### [The task]
Provide only the number of lines below that contain the word "named".
───── Excerpted records ─────
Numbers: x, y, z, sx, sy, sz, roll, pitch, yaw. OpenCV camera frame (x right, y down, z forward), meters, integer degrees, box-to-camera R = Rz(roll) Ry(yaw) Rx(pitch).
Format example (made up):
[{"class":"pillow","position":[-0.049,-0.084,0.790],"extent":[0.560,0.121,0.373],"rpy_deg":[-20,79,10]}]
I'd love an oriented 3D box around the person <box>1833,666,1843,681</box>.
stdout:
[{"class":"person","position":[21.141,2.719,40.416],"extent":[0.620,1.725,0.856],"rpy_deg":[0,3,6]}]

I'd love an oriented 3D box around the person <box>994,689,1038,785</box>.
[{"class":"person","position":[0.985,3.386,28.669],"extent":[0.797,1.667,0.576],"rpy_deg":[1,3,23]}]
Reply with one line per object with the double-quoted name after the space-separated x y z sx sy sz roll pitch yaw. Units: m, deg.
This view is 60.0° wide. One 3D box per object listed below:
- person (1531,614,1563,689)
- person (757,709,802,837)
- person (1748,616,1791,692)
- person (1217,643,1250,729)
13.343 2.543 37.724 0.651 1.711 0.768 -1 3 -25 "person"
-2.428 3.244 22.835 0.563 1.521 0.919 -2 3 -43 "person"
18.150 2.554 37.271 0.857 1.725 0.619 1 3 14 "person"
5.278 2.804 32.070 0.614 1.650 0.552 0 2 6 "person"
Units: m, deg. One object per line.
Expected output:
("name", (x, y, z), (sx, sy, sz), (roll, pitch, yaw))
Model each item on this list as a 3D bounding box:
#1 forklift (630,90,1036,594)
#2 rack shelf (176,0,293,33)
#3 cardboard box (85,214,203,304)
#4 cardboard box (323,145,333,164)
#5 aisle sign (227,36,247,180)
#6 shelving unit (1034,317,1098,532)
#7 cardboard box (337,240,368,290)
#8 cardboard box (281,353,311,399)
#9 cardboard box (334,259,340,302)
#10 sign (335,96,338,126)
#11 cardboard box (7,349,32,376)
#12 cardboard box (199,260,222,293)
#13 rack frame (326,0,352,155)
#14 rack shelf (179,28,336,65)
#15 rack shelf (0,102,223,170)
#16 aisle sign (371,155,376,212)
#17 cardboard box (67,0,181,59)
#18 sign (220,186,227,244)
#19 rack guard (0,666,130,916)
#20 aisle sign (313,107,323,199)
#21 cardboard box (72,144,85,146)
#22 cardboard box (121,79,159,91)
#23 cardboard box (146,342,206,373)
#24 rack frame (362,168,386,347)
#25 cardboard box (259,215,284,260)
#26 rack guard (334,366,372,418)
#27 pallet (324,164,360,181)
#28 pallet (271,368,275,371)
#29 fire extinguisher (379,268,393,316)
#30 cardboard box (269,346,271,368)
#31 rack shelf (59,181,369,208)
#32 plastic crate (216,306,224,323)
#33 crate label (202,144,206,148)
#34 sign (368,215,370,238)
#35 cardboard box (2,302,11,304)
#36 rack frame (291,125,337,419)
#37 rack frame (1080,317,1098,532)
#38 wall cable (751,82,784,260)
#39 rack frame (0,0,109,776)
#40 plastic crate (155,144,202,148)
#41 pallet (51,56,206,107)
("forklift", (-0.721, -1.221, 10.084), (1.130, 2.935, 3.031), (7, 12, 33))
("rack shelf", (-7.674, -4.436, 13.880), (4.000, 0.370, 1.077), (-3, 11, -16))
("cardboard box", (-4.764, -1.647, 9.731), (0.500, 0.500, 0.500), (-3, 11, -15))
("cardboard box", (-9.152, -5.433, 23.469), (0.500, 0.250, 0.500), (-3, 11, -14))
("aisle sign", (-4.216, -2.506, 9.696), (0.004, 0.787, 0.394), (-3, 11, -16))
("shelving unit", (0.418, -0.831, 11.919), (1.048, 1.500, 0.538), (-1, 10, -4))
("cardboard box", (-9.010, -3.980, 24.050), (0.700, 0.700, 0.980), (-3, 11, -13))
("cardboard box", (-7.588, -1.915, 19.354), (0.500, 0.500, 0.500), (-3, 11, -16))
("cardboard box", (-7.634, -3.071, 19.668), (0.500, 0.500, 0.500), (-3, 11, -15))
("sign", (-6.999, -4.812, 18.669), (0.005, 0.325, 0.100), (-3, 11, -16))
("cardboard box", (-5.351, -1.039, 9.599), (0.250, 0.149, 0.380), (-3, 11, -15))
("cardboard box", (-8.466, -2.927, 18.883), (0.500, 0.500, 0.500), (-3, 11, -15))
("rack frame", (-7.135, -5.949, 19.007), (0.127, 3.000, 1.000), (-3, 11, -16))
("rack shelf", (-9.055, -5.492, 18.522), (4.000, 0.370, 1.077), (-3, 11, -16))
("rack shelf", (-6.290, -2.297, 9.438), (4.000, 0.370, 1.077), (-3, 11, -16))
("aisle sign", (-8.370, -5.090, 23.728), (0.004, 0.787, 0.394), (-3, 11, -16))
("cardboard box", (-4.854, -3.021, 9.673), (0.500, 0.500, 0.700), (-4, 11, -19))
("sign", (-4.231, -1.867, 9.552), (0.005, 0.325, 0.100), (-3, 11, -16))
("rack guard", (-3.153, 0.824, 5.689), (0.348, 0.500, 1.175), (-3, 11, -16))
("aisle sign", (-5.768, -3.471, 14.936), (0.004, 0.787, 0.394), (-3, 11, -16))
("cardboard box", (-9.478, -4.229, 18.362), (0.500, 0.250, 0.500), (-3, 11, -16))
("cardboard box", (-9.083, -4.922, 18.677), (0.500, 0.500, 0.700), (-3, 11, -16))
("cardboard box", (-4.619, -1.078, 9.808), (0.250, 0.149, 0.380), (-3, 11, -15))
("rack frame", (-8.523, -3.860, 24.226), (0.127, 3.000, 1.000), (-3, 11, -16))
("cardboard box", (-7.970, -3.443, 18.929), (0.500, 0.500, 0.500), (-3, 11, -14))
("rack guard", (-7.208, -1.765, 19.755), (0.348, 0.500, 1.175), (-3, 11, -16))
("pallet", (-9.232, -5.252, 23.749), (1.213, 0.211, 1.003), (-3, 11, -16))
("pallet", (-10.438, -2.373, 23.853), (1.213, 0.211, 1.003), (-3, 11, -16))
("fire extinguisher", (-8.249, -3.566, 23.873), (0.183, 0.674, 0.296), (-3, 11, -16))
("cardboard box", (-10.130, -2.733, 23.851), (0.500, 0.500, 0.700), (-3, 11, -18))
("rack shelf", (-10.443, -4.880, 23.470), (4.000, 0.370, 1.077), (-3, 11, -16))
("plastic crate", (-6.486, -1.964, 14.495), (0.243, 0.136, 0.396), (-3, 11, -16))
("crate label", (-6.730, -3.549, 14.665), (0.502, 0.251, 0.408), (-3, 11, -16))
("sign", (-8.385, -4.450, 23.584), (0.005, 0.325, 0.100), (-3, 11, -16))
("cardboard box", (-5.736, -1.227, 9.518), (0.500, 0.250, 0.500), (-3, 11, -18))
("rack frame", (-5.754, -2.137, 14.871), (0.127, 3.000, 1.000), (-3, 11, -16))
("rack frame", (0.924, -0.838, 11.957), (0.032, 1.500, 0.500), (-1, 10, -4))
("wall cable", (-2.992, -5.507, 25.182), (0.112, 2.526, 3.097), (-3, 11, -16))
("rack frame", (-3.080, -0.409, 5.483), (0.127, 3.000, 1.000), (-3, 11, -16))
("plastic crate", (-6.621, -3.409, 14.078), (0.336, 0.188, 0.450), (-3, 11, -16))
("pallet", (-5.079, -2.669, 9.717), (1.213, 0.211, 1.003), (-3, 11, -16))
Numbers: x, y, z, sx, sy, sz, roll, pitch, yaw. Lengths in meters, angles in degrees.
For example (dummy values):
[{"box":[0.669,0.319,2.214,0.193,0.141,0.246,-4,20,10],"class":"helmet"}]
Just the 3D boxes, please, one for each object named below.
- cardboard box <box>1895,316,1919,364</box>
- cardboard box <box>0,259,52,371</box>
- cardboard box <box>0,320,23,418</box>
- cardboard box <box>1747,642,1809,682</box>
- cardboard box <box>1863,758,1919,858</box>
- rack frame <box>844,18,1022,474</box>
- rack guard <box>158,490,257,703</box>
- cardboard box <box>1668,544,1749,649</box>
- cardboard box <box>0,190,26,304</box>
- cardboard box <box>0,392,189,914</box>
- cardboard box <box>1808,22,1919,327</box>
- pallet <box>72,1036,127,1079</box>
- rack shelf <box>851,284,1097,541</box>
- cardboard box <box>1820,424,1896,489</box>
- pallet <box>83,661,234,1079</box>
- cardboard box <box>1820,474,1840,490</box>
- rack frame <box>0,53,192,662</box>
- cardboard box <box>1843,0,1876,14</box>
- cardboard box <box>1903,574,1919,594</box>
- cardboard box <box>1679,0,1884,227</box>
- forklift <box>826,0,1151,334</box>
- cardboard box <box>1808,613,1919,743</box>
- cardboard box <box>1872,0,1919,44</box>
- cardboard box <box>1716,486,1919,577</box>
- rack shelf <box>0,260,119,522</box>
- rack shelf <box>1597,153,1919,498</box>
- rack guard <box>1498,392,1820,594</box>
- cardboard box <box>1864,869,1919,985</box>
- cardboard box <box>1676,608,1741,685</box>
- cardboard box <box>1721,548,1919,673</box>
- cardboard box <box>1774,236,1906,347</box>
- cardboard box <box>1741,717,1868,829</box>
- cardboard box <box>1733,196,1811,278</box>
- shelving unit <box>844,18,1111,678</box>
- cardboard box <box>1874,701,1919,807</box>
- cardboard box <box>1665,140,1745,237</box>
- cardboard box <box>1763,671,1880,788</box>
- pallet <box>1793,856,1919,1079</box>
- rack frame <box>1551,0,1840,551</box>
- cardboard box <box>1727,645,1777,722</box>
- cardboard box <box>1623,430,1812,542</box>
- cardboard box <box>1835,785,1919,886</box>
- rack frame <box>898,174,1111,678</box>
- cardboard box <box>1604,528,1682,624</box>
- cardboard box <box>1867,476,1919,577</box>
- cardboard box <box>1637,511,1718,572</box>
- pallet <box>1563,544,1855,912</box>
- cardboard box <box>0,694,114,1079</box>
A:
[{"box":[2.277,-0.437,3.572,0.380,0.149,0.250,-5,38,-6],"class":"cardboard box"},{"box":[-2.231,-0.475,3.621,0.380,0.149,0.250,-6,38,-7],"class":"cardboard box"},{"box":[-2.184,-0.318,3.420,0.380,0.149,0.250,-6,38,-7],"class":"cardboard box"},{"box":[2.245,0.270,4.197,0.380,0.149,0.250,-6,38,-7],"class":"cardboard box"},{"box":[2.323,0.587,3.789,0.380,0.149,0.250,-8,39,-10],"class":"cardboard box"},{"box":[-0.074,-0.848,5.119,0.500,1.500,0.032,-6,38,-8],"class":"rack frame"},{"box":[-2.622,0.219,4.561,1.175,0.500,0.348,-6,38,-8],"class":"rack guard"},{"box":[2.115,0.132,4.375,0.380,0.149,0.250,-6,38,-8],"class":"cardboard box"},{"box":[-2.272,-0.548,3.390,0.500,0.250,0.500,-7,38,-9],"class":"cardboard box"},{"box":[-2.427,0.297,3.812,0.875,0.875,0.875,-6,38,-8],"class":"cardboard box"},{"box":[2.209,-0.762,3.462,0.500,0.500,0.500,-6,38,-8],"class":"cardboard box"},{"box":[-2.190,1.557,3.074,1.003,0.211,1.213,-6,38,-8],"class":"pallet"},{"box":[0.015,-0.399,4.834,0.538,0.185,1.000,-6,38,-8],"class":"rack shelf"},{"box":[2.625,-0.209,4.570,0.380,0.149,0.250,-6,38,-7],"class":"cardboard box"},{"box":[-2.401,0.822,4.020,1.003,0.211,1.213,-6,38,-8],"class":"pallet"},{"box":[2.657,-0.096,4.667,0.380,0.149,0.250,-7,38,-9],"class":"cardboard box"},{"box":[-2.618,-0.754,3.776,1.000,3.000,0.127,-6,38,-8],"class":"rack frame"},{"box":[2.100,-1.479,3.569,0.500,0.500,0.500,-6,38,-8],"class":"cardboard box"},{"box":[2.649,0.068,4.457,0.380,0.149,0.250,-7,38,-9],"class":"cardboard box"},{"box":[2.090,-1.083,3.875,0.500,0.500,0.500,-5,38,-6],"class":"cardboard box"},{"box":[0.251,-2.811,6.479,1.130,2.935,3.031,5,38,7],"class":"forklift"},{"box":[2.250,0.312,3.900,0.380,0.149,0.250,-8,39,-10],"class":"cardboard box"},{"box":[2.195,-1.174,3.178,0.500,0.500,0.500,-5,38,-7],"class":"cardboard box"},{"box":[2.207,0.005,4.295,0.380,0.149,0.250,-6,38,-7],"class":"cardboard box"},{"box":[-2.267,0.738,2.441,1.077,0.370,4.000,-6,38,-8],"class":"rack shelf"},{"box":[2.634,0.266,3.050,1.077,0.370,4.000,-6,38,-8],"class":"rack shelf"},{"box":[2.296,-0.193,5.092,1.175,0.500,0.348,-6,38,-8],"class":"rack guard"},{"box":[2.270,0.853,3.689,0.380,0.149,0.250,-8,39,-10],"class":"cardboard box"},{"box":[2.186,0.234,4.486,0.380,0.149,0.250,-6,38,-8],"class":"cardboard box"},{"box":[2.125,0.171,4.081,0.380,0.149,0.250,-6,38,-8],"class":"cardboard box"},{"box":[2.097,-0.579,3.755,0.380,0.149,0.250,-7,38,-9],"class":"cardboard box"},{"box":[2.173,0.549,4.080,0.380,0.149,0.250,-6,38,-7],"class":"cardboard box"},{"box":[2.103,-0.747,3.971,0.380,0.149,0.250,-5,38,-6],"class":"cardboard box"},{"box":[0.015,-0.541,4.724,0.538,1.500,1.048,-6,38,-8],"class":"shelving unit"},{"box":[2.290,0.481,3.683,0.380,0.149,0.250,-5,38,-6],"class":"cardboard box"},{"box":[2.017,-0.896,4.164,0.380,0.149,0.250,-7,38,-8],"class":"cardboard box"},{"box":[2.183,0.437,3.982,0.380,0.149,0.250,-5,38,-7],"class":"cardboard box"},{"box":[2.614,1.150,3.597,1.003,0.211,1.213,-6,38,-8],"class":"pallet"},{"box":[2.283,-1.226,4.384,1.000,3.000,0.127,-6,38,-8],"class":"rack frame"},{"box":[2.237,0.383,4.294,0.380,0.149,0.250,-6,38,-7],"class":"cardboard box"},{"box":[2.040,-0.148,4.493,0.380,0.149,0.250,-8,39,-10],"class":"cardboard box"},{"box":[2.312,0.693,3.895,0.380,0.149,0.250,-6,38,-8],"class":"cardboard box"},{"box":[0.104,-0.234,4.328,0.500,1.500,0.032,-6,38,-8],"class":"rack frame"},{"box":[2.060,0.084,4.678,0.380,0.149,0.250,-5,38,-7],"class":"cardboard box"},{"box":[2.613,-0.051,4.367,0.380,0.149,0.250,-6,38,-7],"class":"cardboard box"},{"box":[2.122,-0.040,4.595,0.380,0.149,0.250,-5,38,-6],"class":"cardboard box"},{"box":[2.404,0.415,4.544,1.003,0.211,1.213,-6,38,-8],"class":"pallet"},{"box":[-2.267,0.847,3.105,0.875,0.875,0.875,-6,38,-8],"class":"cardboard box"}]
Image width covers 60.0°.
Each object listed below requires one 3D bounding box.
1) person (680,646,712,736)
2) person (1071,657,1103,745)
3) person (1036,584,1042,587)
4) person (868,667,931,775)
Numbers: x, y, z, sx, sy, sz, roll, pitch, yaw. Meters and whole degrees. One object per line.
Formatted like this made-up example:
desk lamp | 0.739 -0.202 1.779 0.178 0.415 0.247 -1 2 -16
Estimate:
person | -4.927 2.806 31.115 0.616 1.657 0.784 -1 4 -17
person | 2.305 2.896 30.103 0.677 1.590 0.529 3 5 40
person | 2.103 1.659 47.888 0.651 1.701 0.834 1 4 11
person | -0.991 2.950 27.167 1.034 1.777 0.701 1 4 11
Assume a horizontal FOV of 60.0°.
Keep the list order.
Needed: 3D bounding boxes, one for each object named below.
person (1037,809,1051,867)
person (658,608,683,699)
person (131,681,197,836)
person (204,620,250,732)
─────
### [Task answer]
2